Béla's Letters
This is a book that deals honestly with the sharp edges of guilt, remorse, and aftershock common to survivors of traumatic events.
The vast tragedy of the Holocaust is brought to heartbreaking life in Jeff Ingber’s reality-inspired Béla’s Letters, a novel told through the letters and remembrances of individual members of a large family of Hungarian Jews.
The story begins in 1928, in the Hungarian town of Munkács in the Carpathian Mountains. Despite the prevalence of anti-Semitism, half the city’s population was Jewish, a diverse mix of Zionists, Hasidim, Orthodox Jews, and Jews whose religion was more a matter of culture than faith. Béla Ingber, the book’s narrator and connecting point for other characters, is a member of the youngest generation of one of the town’s long-established Jewish families. The fates of family members are followed through his eyes into World War II and decades of postwar peace.
Because the narrative begins before Hitler’s rise, characters have time to reveal themselves as individuals, rather than as victims or survivors. Knowing them as ordinary people pursuing careers and living in a close-knit family makes the tragedy to come all the more jolting.
When Nazis conscript Béla and other Jews for forced labor, his account of life in a labor camp is detailed and harrowing. Ironically, conscription is also his salvation—as a useful laborer, he is not sent to a concentration camp. Other members of his family are not so lucky.

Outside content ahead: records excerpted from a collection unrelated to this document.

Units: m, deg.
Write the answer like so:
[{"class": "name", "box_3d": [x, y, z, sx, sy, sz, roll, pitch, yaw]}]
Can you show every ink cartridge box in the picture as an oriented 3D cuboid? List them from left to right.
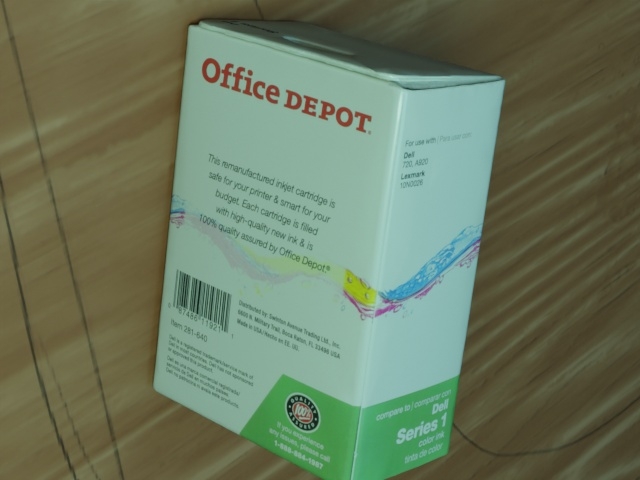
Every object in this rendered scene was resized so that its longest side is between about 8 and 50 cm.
[{"class": "ink cartridge box", "box_3d": [0.000, 0.000, 1.055, 0.117, 0.201, 0.278, -11, 114, -46]}]

The family is broken up, its members seldom able to stay together, and their letters, written with the thin hope of keeping bonds alive, become a kind of heroic testament to the human spirit.
World War II and the Holocaust are arguably the biggest story of the twentieth century. One of the book’s achievements is that it avoids two common errors: letting history overshadow the story, and using characters as mere tour guides to tragedy. Throughout the narrative, the focus remains tight, the characters real and immediate.
Rather than a happily-ever-after final section, the book deals honestly with the sharp edges of guilt, remorse, and aftershock common to survivors of traumatic events. While some might quail at the book’s almost 600-page length, the pace is swift thanks to the epistolary style and competent writing. A photograph of family members who figure in the book enhances the impact of the story, and a family tree is extremely helpful in keeping track of the aunts, uncles, and cousins in this large clan.
This is a well-written and moving book, but also one packed with information about what it was like to live through the worst days of the twentieth century. World War II buffs, students of Jewish history and culture, and readers looking for a moving tale of disaster and survival will find Béla’s Letters a worthwhile and memorable read.